==== Data for this task ====

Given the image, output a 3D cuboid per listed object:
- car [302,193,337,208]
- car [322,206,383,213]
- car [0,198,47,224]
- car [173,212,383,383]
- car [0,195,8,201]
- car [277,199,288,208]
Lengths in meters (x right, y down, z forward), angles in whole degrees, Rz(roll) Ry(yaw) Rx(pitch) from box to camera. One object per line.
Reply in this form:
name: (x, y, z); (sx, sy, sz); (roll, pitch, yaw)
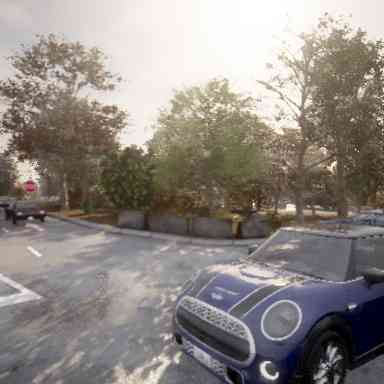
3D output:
car: (16.923, 1.123, 44.154); (2.150, 2.045, 5.566); (-3, 3, -36)
car: (8.719, 1.630, 16.027); (2.002, 1.452, 4.674); (0, 0, -35)
car: (-11.080, 1.280, 21.979); (1.895, 1.301, 4.718); (-3, 2, -36)
car: (1.959, 1.301, 5.050); (4.553, 1.767, 2.097); (1, 0, -35)
car: (-19.320, 1.022, 33.490); (2.033, 1.411, 5.357); (-3, 2, -32)
car: (11.131, 1.440, 46.460); (1.812, 1.442, 4.674); (-3, 3, -36)

====

§ Prompt: Could you reproduce all of the material exactly? Keep the pictures out of it.

§ Expected output:
Given the image, output a 3D cuboid per listed object:
- car [302,193,337,208]
- car [322,206,383,213]
- car [0,198,47,224]
- car [173,212,383,383]
- car [0,195,8,201]
- car [277,199,288,208]
Lengths in meters (x right, y down, z forward), angles in whole degrees, Rz(roll) Ry(yaw) Rx(pitch) from box to camera. One object per line.
Reply in this form:
name: (x, y, z); (sx, sy, sz); (roll, pitch, yaw)
3D output:
car: (16.923, 1.123, 44.154); (2.150, 2.045, 5.566); (-3, 3, -36)
car: (8.719, 1.630, 16.027); (2.002, 1.452, 4.674); (0, 0, -35)
car: (-11.080, 1.280, 21.979); (1.895, 1.301, 4.718); (-3, 2, -36)
car: (1.959, 1.301, 5.050); (4.553, 1.767, 2.097); (1, 0, -35)
car: (-19.320, 1.022, 33.490); (2.033, 1.411, 5.357); (-3, 2, -32)
car: (11.131, 1.440, 46.460); (1.812, 1.442, 4.674); (-3, 3, -36)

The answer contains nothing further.